Sub-partitioning (a partition that is itself partitioned) is a PostgreSQL feature but is rare in practice. Supporting it correctly requires recursive resolution of bound expressions and config inheritance. Deferred to v1.x.

Decision

Native partitioning is a first-class MVP capability.

Catalog layer

  • Each partitioned-parent table records is_partitioned = true, the strategy (RANGE, LIST, HASH), the partition-key column list, and the ordered children.
  • Each partition child records its parent ID and its bound expression as a verbatim string.
  • Multi-level partitioning is detected at pre-flight and refused with exit 2 and a clear error message.

Schema replication

  • The partitioned parent is created on the target first, with its original PARTITION BY <strategy> (<keys>) clause.
  • Each partition child is created with its PARTITION OF <parent> <bound> clause.
  • Per-partition strategy config is rejected at config validation with exit 3. The user configures the parent; all children inherit.

Streaming

  • Partition children are independent streaming units.

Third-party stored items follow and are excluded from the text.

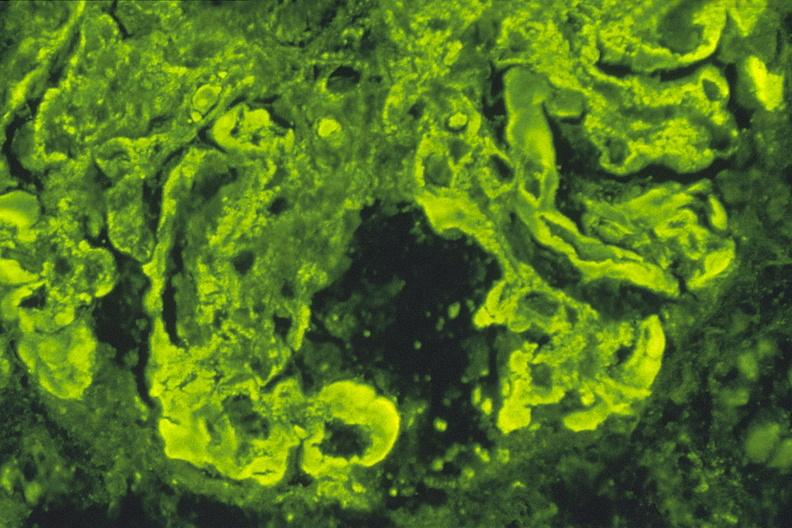what is present?
Answer the question using a single word or phrase. Urinary 
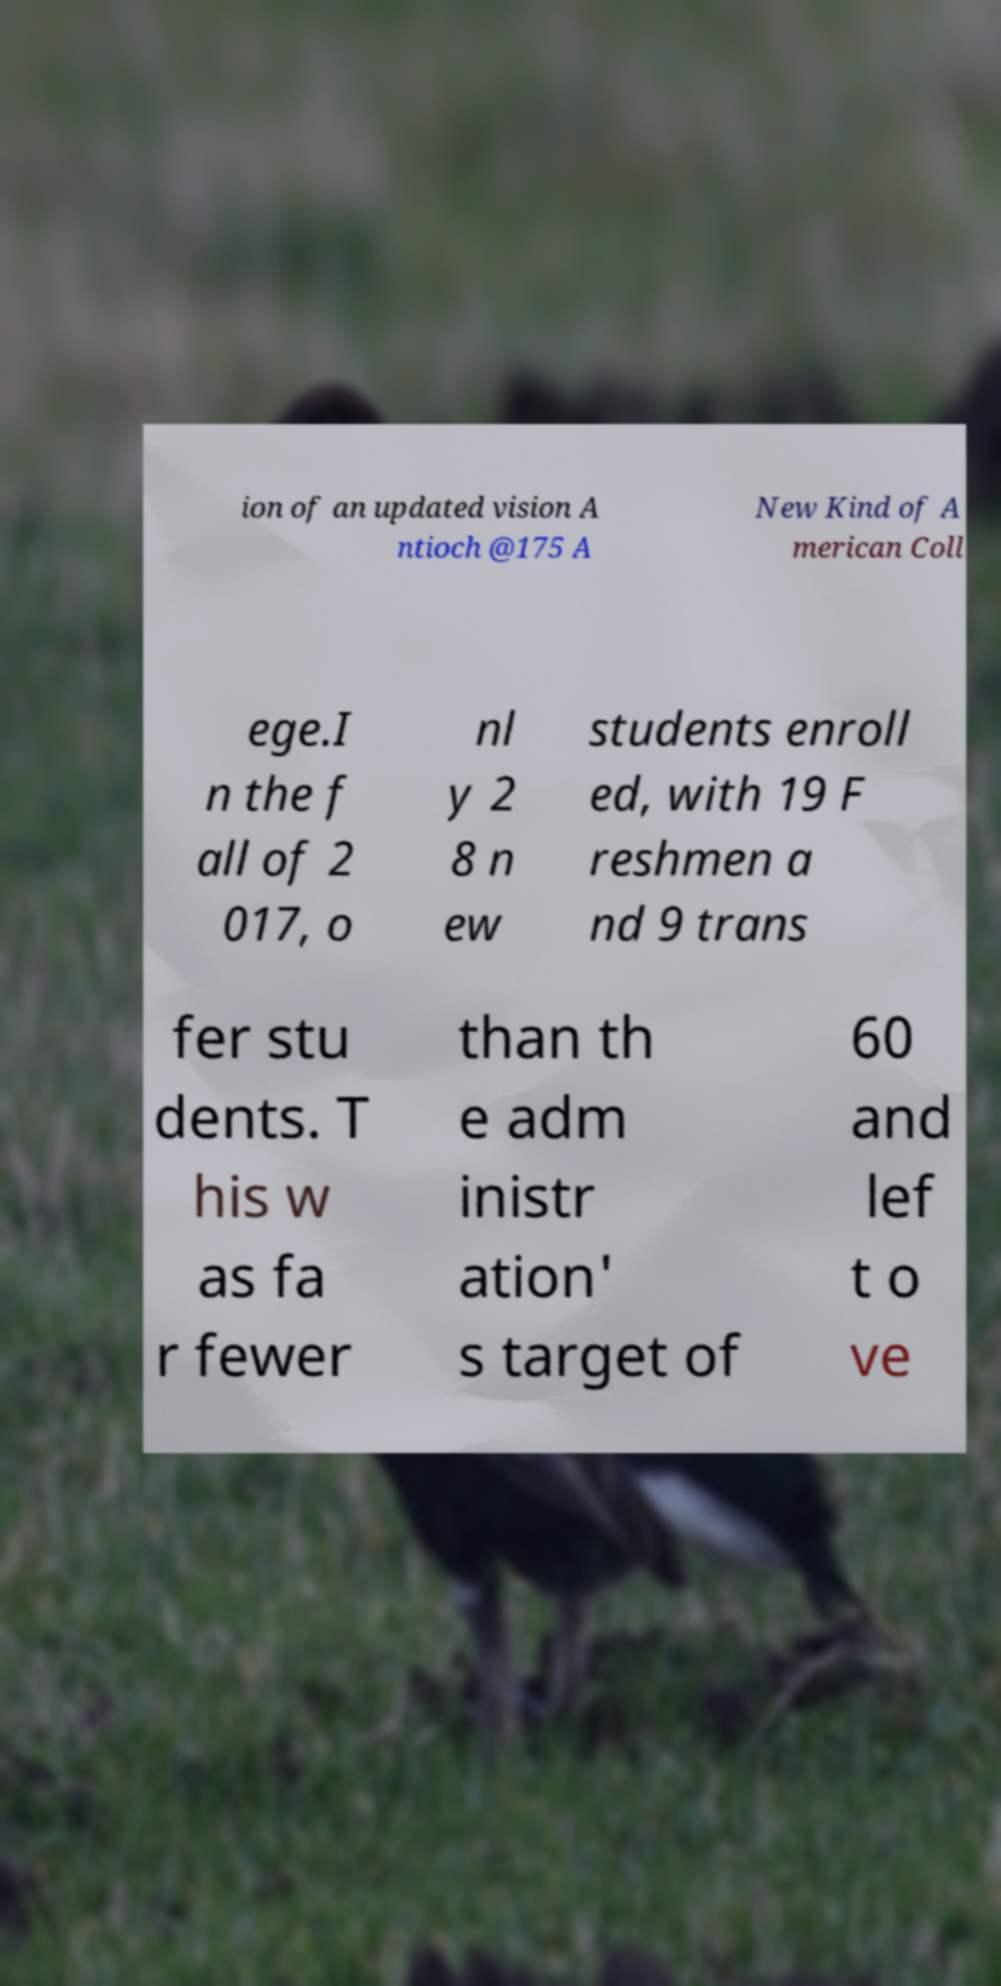For documentation purposes, I need the text within this image transcribed. Could you provide that? ion of an updated vision A ntioch @175 A New Kind of A merican Coll ege.I n the f all of 2 017, o nl y 2 8 n ew students enroll ed, with 19 F reshmen a nd 9 trans fer stu dents. T his w as fa r fewer than th e adm inistr ation' s target of 60 and lef t o ve 
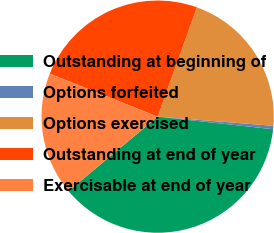Convert chart to OTSL. <chart><loc_0><loc_0><loc_500><loc_500><pie_chart><fcel>Outstanding at beginning of<fcel>Options forfeited<fcel>Options exercised<fcel>Outstanding at end of year<fcel>Exercisable at end of year<nl><fcel>37.19%<fcel>0.47%<fcel>20.78%<fcel>24.45%<fcel>17.11%<nl></chart> 
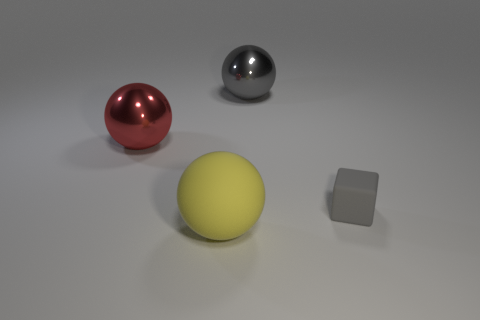Add 1 large red balls. How many objects exist? 5 Subtract all cubes. How many objects are left? 3 Add 4 big gray things. How many big gray things are left? 5 Add 3 gray spheres. How many gray spheres exist? 4 Subtract 0 purple balls. How many objects are left? 4 Subtract all big matte spheres. Subtract all tiny gray rubber things. How many objects are left? 2 
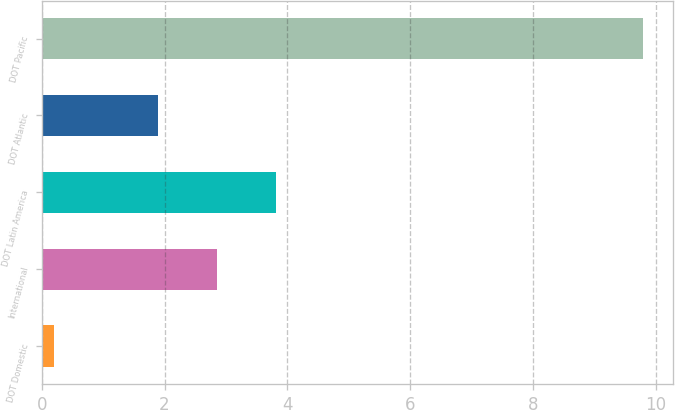Convert chart to OTSL. <chart><loc_0><loc_0><loc_500><loc_500><bar_chart><fcel>DOT Domestic<fcel>International<fcel>DOT Latin America<fcel>DOT Atlantic<fcel>DOT Pacific<nl><fcel>0.2<fcel>2.86<fcel>3.82<fcel>1.9<fcel>9.8<nl></chart> 
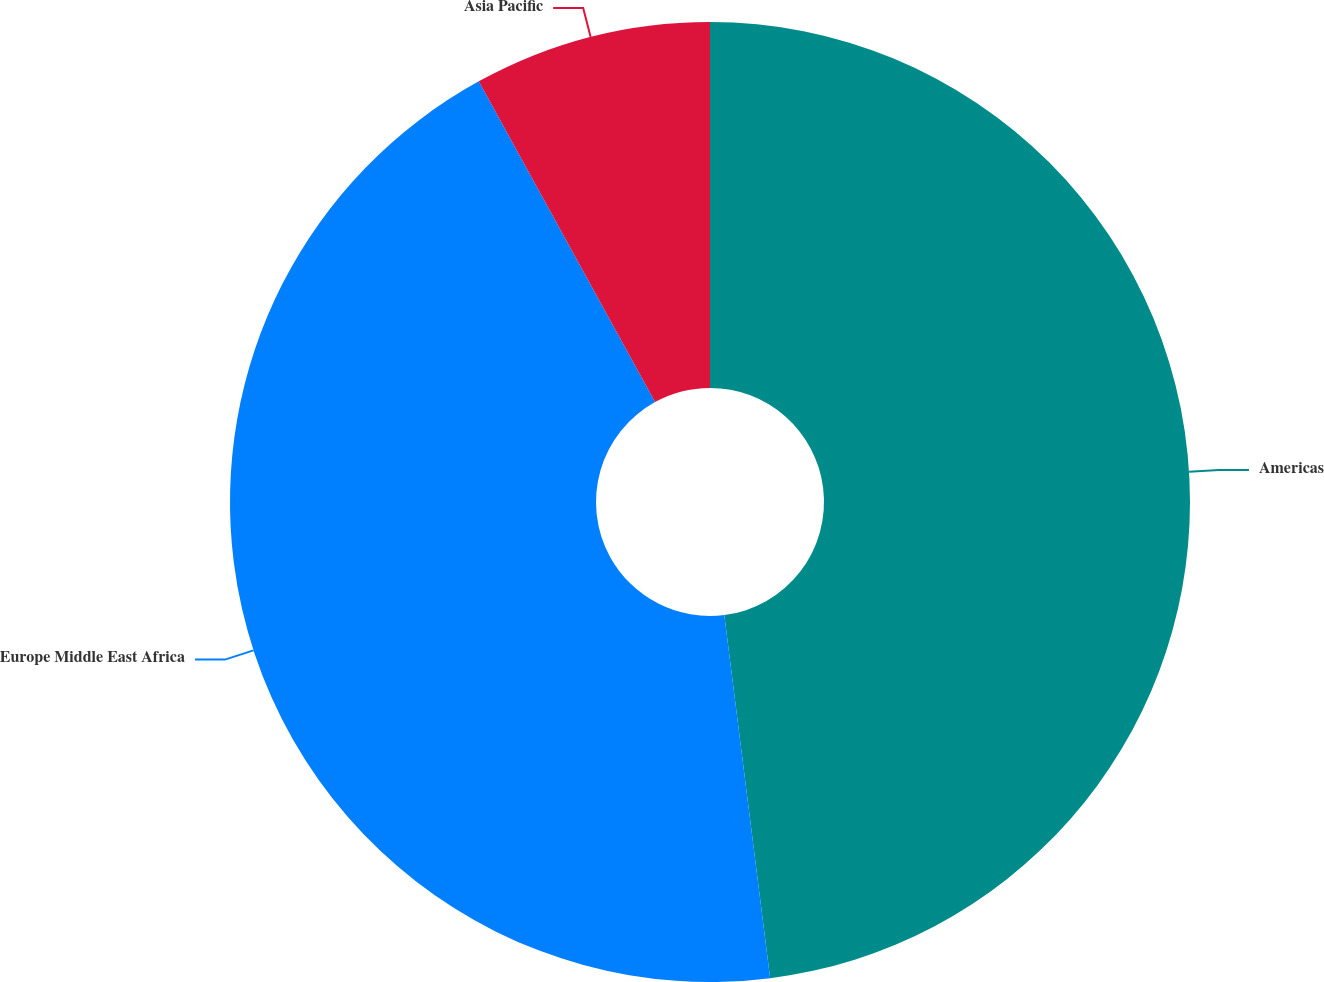Convert chart to OTSL. <chart><loc_0><loc_0><loc_500><loc_500><pie_chart><fcel>Americas<fcel>Europe Middle East Africa<fcel>Asia Pacific<nl><fcel>48.0%<fcel>44.0%<fcel>8.0%<nl></chart> 
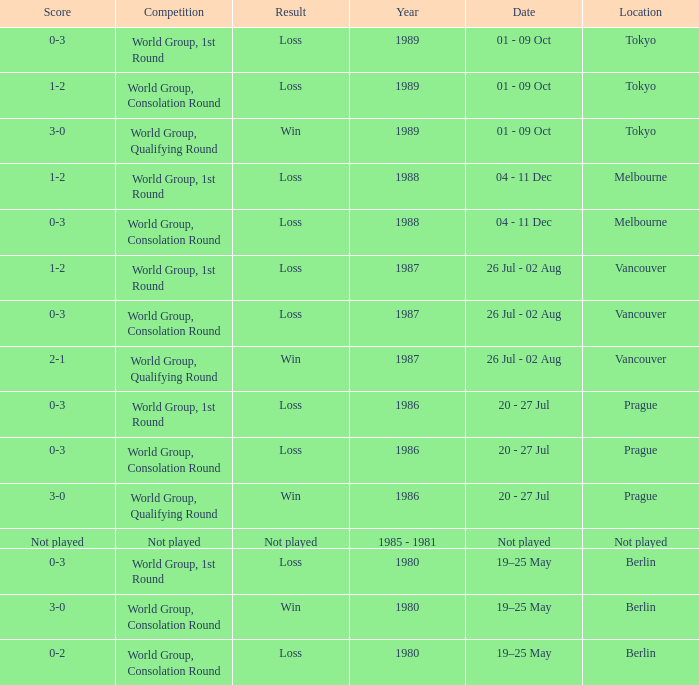What is the score when the result is loss, the year is 1980 and the competition is world group, consolation round? 0-2. 
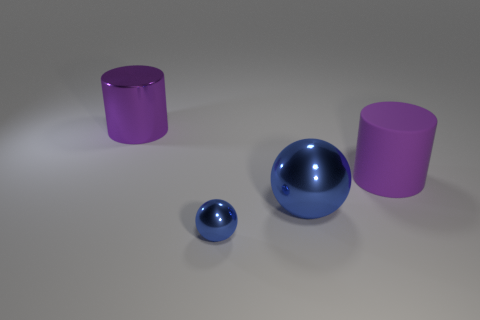Is there anything else that has the same material as the big blue sphere?
Provide a succinct answer. Yes. How many brown things are either large matte cylinders or small matte blocks?
Your answer should be compact. 0. Are there more big metallic cylinders behind the tiny sphere than tiny cyan objects?
Your answer should be compact. Yes. Does the rubber cylinder have the same size as the metal cylinder?
Your response must be concise. Yes. What is the color of the cylinder that is the same material as the large ball?
Offer a very short reply. Purple. What shape is the metal thing that is the same color as the large matte object?
Make the answer very short. Cylinder. Is the number of tiny metal spheres on the left side of the small blue metal ball the same as the number of cylinders that are behind the large blue sphere?
Give a very brief answer. No. There is a small blue shiny thing that is in front of the large purple shiny cylinder behind the matte thing; what is its shape?
Your answer should be very brief. Sphere. What is the material of the other purple object that is the same shape as the purple shiny object?
Keep it short and to the point. Rubber. There is a metal cylinder that is the same size as the matte cylinder; what is its color?
Make the answer very short. Purple. 
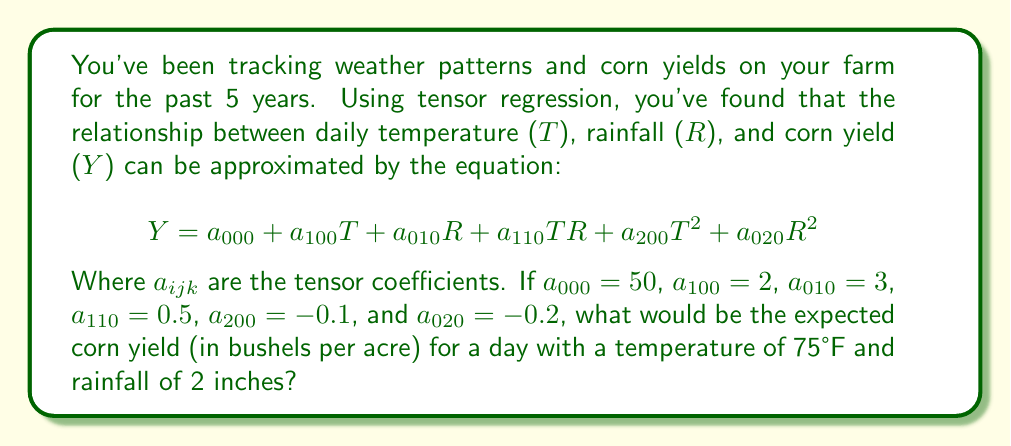Give your solution to this math problem. Let's approach this step-by-step:

1) We're given the tensor regression equation:
   $$Y = a_{000} + a_{100}T + a_{010}R + a_{110}TR + a_{200}T^2 + a_{020}R^2$$

2) We're also given the values for each coefficient:
   $a_{000} = 50$
   $a_{100} = 2$
   $a_{010} = 3$
   $a_{110} = 0.5$
   $a_{200} = -0.1$
   $a_{020} = -0.2$

3) We need to calculate Y for T = 75 (temperature in °F) and R = 2 (rainfall in inches).

4) Let's substitute these values into our equation:

   $$Y = 50 + 2(75) + 3(2) + 0.5(75)(2) + (-0.1)(75)^2 + (-0.2)(2)^2$$

5) Now, let's calculate each term:
   - $50$ (constant term)
   - $2(75) = 150$
   - $3(2) = 6$
   - $0.5(75)(2) = 75$
   - $(-0.1)(75)^2 = -0.1(5625) = -562.5$
   - $(-0.2)(2)^2 = -0.2(4) = -0.8$

6) Adding all these terms:
   $$Y = 50 + 150 + 6 + 75 - 562.5 - 0.8$$

7) Simplifying:
   $$Y = -282.3$$

Therefore, the expected corn yield would be -282.3 bushels per acre.

8) However, as a farmer, you know that negative yield doesn't make sense in reality. This result suggests that the conditions (75°F and 2 inches of rain) are extremely unfavorable for corn growth according to this model, possibly indicating a drought or heat stress situation.
Answer: -282.3 bushels per acre 
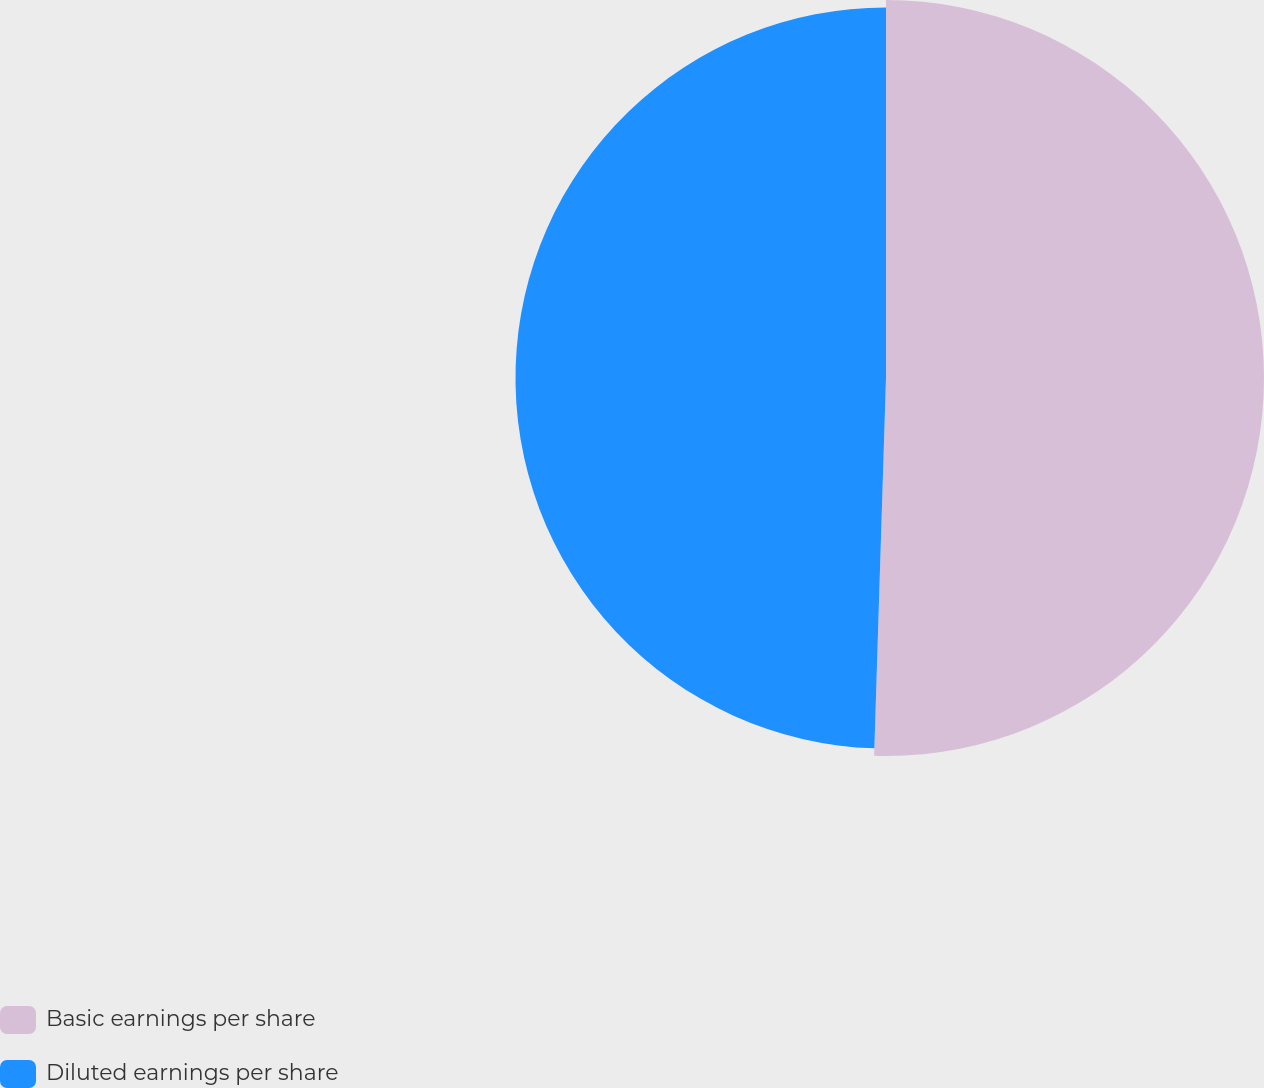<chart> <loc_0><loc_0><loc_500><loc_500><pie_chart><fcel>Basic earnings per share<fcel>Diluted earnings per share<nl><fcel>50.5%<fcel>49.5%<nl></chart> 
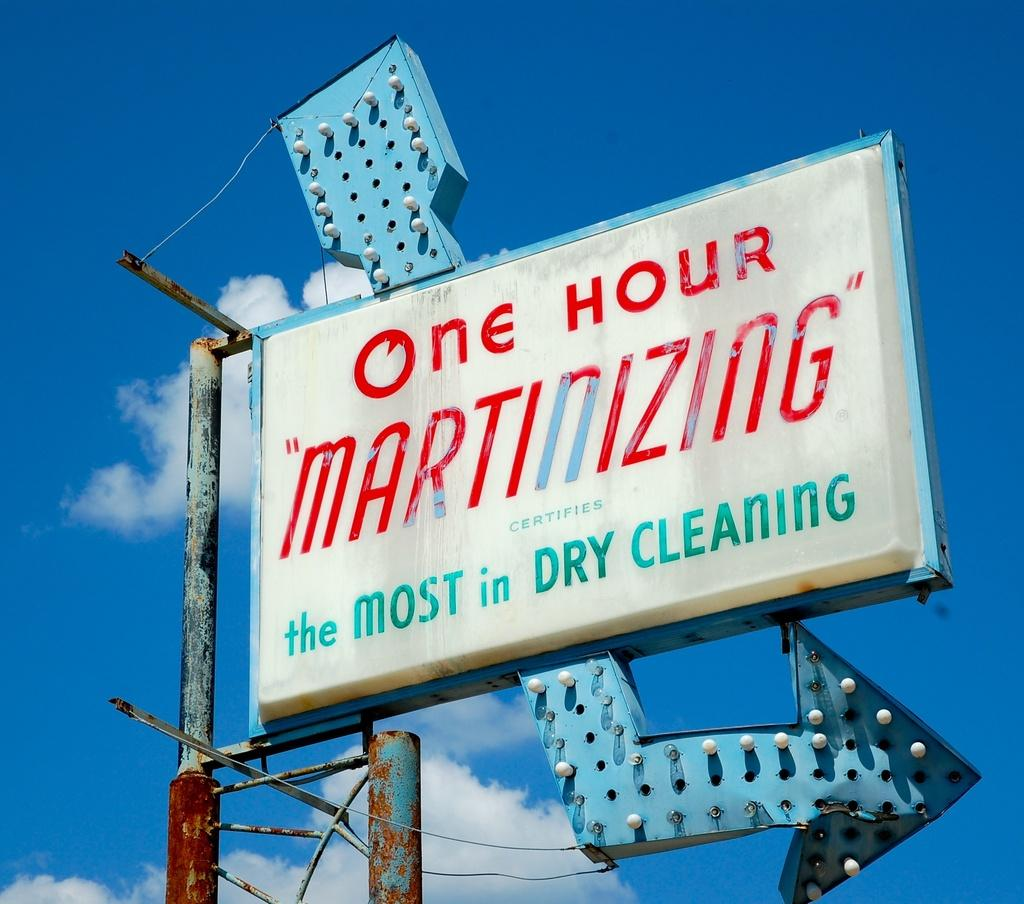<image>
Render a clear and concise summary of the photo. Store sign saying "One Hour Martinizing" hanging outdoors.

The parent itself has no rows and is not streamed.
  • Target-side writes go directly into the child via COPY <child> FROM STDIN ..., bypassing the parent's tuple routing. This is faster (no per-row routing overhead) and guarantees we write to the partition we expect.
  • The masking pipeline resolves per-column actions from the parent's config.

State

  • Each partition child has its own row in _privaci.table_checkpoints.
  • Resumability is per-partition. A 24-partition crash at partition 23 resumes 23 and starts 24, leaving 1-22 untouched.
  • A new partition added to the source between runs is treated as a new table on the next run and emits a new_table audit event.

Consequences

What this enables

  • Realistic test coverage on the MedicalHelpDesk Corp fixture (24 monthly partitions on raw_events, 4 list partitions on patient_visits).
  • "Just point me at your Postgres" actually works for real customer schemas in 2026.
  • Future per-partition parallelism: because partitions are independent streaming units, post-MVP parallelism work just schedules N children concurrently in the topo-sort layer.

What this rules out

  • Per-partition config overrides in MVP. Customers who need partition-specific masking (rare) must configure the parent.
  • Sub-partitioning in MVP. Detected, refused, documented as a future change.
  • Cross-partition resume semantics. A partition that has partially completed but whose checkpoint is corrupted forces a restart of only that partition, not the whole table.

Operational implications

  • The audit log is slightly chattier on partitioned tables (one table.start / table.end event per partition child). Documented; customers who don't want it can grep the audit log by partition-parent name.
  • A "new partition appeared mid-run" race is impossible because introspection happens at run start; new partitions appearing between runs are picked up cleanly on the next run.

Risks

  • Bound-expression replication fidelity. FOR VALUES FROM (...) TO (...) and FOR VALUES IN (...) cover the common cases; expression bounds (e.g., a function call) are rare but possible and may require special handling. Integration-tested.
  • Per-child streaming = N COPY commands. For tables with hundreds of small partitions, the per-COPY overhead may dominate. Mitigation: introspection can group small adjacent partitions into bulk COPYs in a v1.x optimization if it ever matters in production.

Decision review triggers

  • If sub-partitioning becomes common in customer support tickets, revisit deferral.
  • If per-COPY overhead on hundred-partition tables becomes a real bottleneck, implement child-grouping.
  • If customers ask for per-partition config (e.g., "the 2024 partition is older data, mask it differently"), reconsider.